Updated by okurz over 4 years ago

Trying with transactional-upgrade dup && reboot ends up in the same.

Message when trying to load the kernel:

Loading Linux 4.12.14-lp151.28.36-default ...
error: symbol `grub_efi_allocate_any_pages' not found.
Loading initial ramdisk ...                           
error: symbol `grub_efi_allocate_any_pages' not found.

and then returns to grub.

Booted into a snapshot once again and trying with an older kernel: transactional-update pkg install kernel-default-4.12.14-lp151.28.32.1 from zypper search --details kernel-default. In the new booted session I did transactional-update shell and in there zypper al kernel-default and zypper dup.

Still failed to boot, problem is not in kernel. Retrying with zypper al grub2 grub2-arm64-efi dracut. Also did a zypper patch and reboot as well as zypper dup and reboot. This worked so far. Removed lock from dracut and trying upgrade: "dracut 044.2-lp151.2.3.1 -> 044.2-lp151.2.9.1". dracut was also fine, trying grub2. grub2 also fine, so it's most likely grub2-arm64-efi or it was a transient problem fixed by the multiple reinstalls and reboots. I will let the system be for now as it's pretty busy with testing.

Actions #2

Updated by okurz over 4 years ago

  • Status changed from In Progress to Blocked

Currently no tests running, executing zypper rl grub2-arm64-efi && transactional-update dup reboot.

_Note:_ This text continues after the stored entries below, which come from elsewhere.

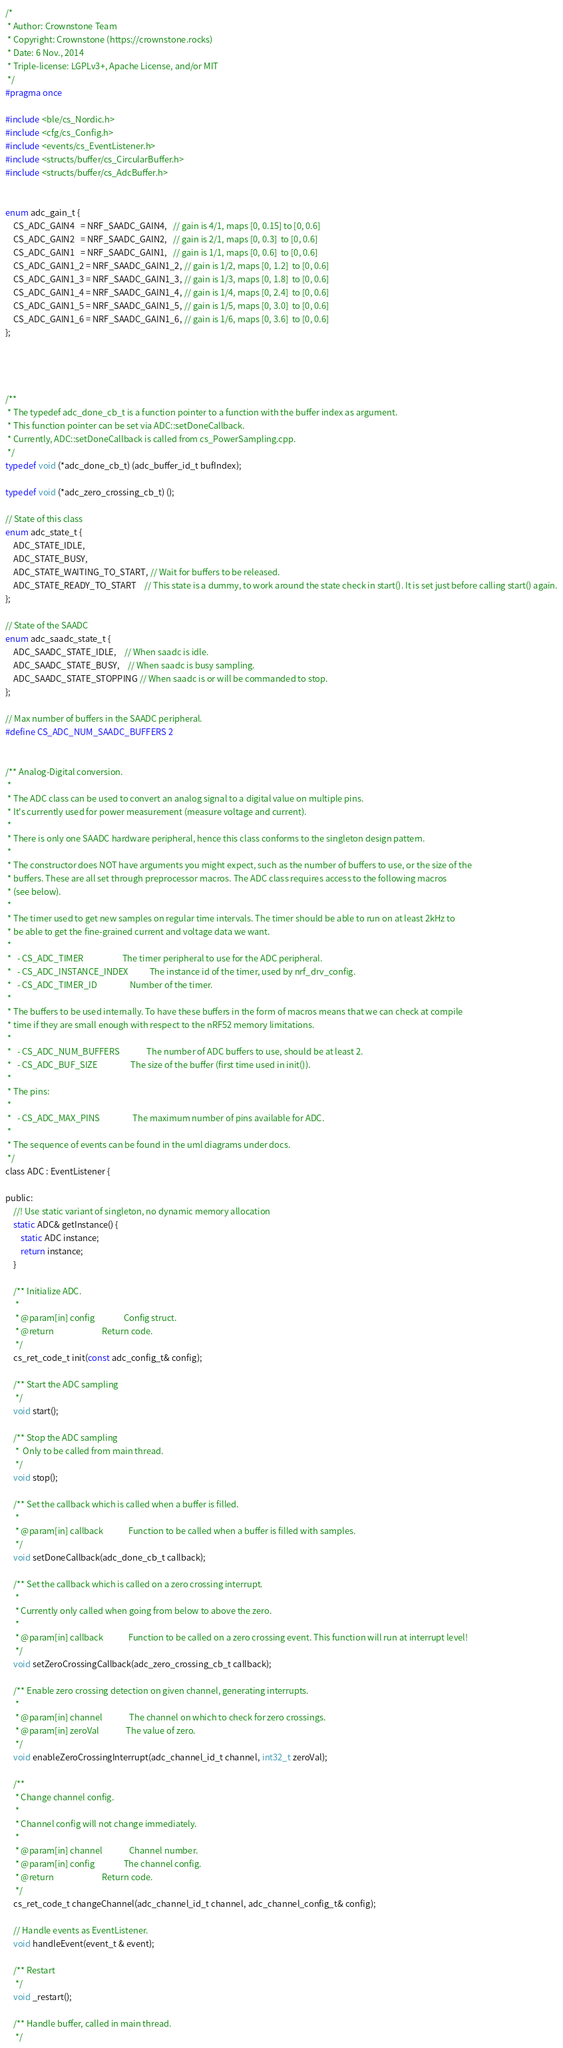Convert code to text. <code><loc_0><loc_0><loc_500><loc_500><_C_>/*
 * Author: Crownstone Team
 * Copyright: Crownstone (https://crownstone.rocks)
 * Date: 6 Nov., 2014
 * Triple-license: LGPLv3+, Apache License, and/or MIT
 */
#pragma once

#include <ble/cs_Nordic.h>
#include <cfg/cs_Config.h>
#include <events/cs_EventListener.h>
#include <structs/buffer/cs_CircularBuffer.h>
#include <structs/buffer/cs_AdcBuffer.h>


enum adc_gain_t {
	CS_ADC_GAIN4   = NRF_SAADC_GAIN4,   // gain is 4/1, maps [0, 0.15] to [0, 0.6]
	CS_ADC_GAIN2   = NRF_SAADC_GAIN2,   // gain is 2/1, maps [0, 0.3]  to [0, 0.6]
	CS_ADC_GAIN1   = NRF_SAADC_GAIN1,   // gain is 1/1, maps [0, 0.6]  to [0, 0.6]
	CS_ADC_GAIN1_2 = NRF_SAADC_GAIN1_2, // gain is 1/2, maps [0, 1.2]  to [0, 0.6]
	CS_ADC_GAIN1_3 = NRF_SAADC_GAIN1_3, // gain is 1/3, maps [0, 1.8]  to [0, 0.6]
	CS_ADC_GAIN1_4 = NRF_SAADC_GAIN1_4, // gain is 1/4, maps [0, 2.4]  to [0, 0.6]
	CS_ADC_GAIN1_5 = NRF_SAADC_GAIN1_5, // gain is 1/5, maps [0, 3.0]  to [0, 0.6]
	CS_ADC_GAIN1_6 = NRF_SAADC_GAIN1_6, // gain is 1/6, maps [0, 3.6]  to [0, 0.6]
};




/**
 * The typedef adc_done_cb_t is a function pointer to a function with the buffer index as argument.
 * This function pointer can be set via ADC::setDoneCallback.
 * Currently, ADC::setDoneCallback is called from cs_PowerSampling.cpp.
 */
typedef void (*adc_done_cb_t) (adc_buffer_id_t bufIndex);

typedef void (*adc_zero_crossing_cb_t) ();

// State of this class
enum adc_state_t {
	ADC_STATE_IDLE,
	ADC_STATE_BUSY,
	ADC_STATE_WAITING_TO_START, // Wait for buffers to be released.
	ADC_STATE_READY_TO_START    // This state is a dummy, to work around the state check in start(). It is set just before calling start() again.
};

// State of the SAADC
enum adc_saadc_state_t {
	ADC_SAADC_STATE_IDLE,    // When saadc is idle.
	ADC_SAADC_STATE_BUSY,    // When saadc is busy sampling.
	ADC_SAADC_STATE_STOPPING // When saadc is or will be commanded to stop.
};

// Max number of buffers in the SAADC peripheral.
#define CS_ADC_NUM_SAADC_BUFFERS 2


/** Analog-Digital conversion.
 *
 * The ADC class can be used to convert an analog signal to a digital value on multiple pins.
 * It's currently used for power measurement (measure voltage and current).
 *
 * There is only one SAADC hardware peripheral, hence this class conforms to the singleton design pattern.
 *
 * The constructor does NOT have arguments you might expect, such as the number of buffers to use, or the size of the
 * buffers. These are all set through preprocessor macros. The ADC class requires access to the following macros
 * (see below).
 *
 * The timer used to get new samples on regular time intervals. The timer should be able to run on at least 2kHz to
 * be able to get the fine-grained current and voltage data we want.
 *
 *   - CS_ADC_TIMER                    The timer peripheral to use for the ADC peripheral.
 *   - CS_ADC_INSTANCE_INDEX           The instance id of the timer, used by nrf_drv_config.
 *   - CS_ADC_TIMER_ID                 Number of the timer.
 *
 * The buffers to be used internally. To have these buffers in the form of macros means that we can check at compile
 * time if they are small enough with respect to the nRF52 memory limitations.
 *
 *   - CS_ADC_NUM_BUFFERS              The number of ADC buffers to use, should be at least 2.
 *   - CS_ADC_BUF_SIZE                 The size of the buffer (first time used in init()).
 *
 * The pins:
 *
 *   - CS_ADC_MAX_PINS                 The maximum number of pins available for ADC.
 *
 * The sequence of events can be found in the uml diagrams under docs.
 */
class ADC : EventListener {

public:
	//! Use static variant of singleton, no dynamic memory allocation
	static ADC& getInstance() {
		static ADC instance;
		return instance;
	}

	/** Initialize ADC.
	 *
	 * @param[in] config               Config struct.
	 * @return                         Return code.
	 */
	cs_ret_code_t init(const adc_config_t& config);

	/** Start the ADC sampling
	 */
	void start();

	/** Stop the ADC sampling
	 *  Only to be called from main thread.
	 */
	void stop();

	/** Set the callback which is called when a buffer is filled.
	 *
	 * @param[in] callback             Function to be called when a buffer is filled with samples.
	 */
	void setDoneCallback(adc_done_cb_t callback);

	/** Set the callback which is called on a zero crossing interrupt.
	 *
	 * Currently only called when going from below to above the zero.
	 *
	 * @param[in] callback             Function to be called on a zero crossing event. This function will run at interrupt level!
	 */
	void setZeroCrossingCallback(adc_zero_crossing_cb_t callback);

	/** Enable zero crossing detection on given channel, generating interrupts.
	 *
	 * @param[in] channel              The channel on which to check for zero crossings.
	 * @param[in] zeroVal              The value of zero.
	 */
	void enableZeroCrossingInterrupt(adc_channel_id_t channel, int32_t zeroVal);

	/**
	 * Change channel config.
	 *
	 * Channel config will not change immediately.
	 *
	 * @param[in] channel              Channel number.
	 * @param[in] config               The channel config.
	 * @return                         Return code.
	 */
	cs_ret_code_t changeChannel(adc_channel_id_t channel, adc_channel_config_t& config);

	// Handle events as EventListener.
	void handleEvent(event_t & event);

	/** Restart
	 */
	void _restart();

	/** Handle buffer, called in main thread.
	 */</code>

Failed again.
The upgrade grub2-arm64-efi 2.02-lp151.21.6.1 -> 2.02-lp151.21.9.1 triggers the problem. I added the lock back.

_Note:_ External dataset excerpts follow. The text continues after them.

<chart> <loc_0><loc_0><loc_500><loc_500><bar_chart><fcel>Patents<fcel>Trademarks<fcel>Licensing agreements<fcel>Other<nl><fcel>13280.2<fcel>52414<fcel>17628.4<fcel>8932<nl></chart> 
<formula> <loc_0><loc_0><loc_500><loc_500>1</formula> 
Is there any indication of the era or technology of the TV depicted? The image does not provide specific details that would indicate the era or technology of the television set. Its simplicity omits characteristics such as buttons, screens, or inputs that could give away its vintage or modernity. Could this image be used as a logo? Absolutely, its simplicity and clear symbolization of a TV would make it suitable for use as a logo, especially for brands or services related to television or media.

Reported bug https://bugzilla.opensuse.org/show_bug.cgi?id=1162320

Actions #3

Updated by okurz over 4 years ago

  • Status changed from Blocked to Workable

We can apply the workaround as mentioned in https://bugzilla.opensuse.org/show_bug.cgi?id=1122591#c28 :

cd /boot/grub2
mv arm64-efi arm64-efi.bk
btrfs subvolume create /boot/grub2/arm64-efi
cp -r arm64-efi.bk/* arm64-efi/
Actions #4

Updated by okurz over 4 years ago

  • Status changed from Workable to In Progress

No action in https://bugzilla.opensuse.org/show_bug.cgi?id=1162320 yet. I asked in https://bugzilla.opensuse.org/show_bug.cgi?id=1162320#c3 what ETA to expect. In the meantime I will try the workaround. The aarch64 worker is right now not doing any openQA tests so I guess now is a good time.

cd /boot/grub2/
mv arm64-efi/ arm64-efi.bk_poo#62102
btrfs subvolume create /boot/grub2/arm64-efi
cp -r arm64-efi.bk_poo#62102/* arm64-efi/
zypper rl grub2-arm64-efi
zypper in grub2-arm64-efi

this upgraded "grub2-arm64-efi 2.02-lp151.21.6.1 -> 2.02-lp151.21.9.1".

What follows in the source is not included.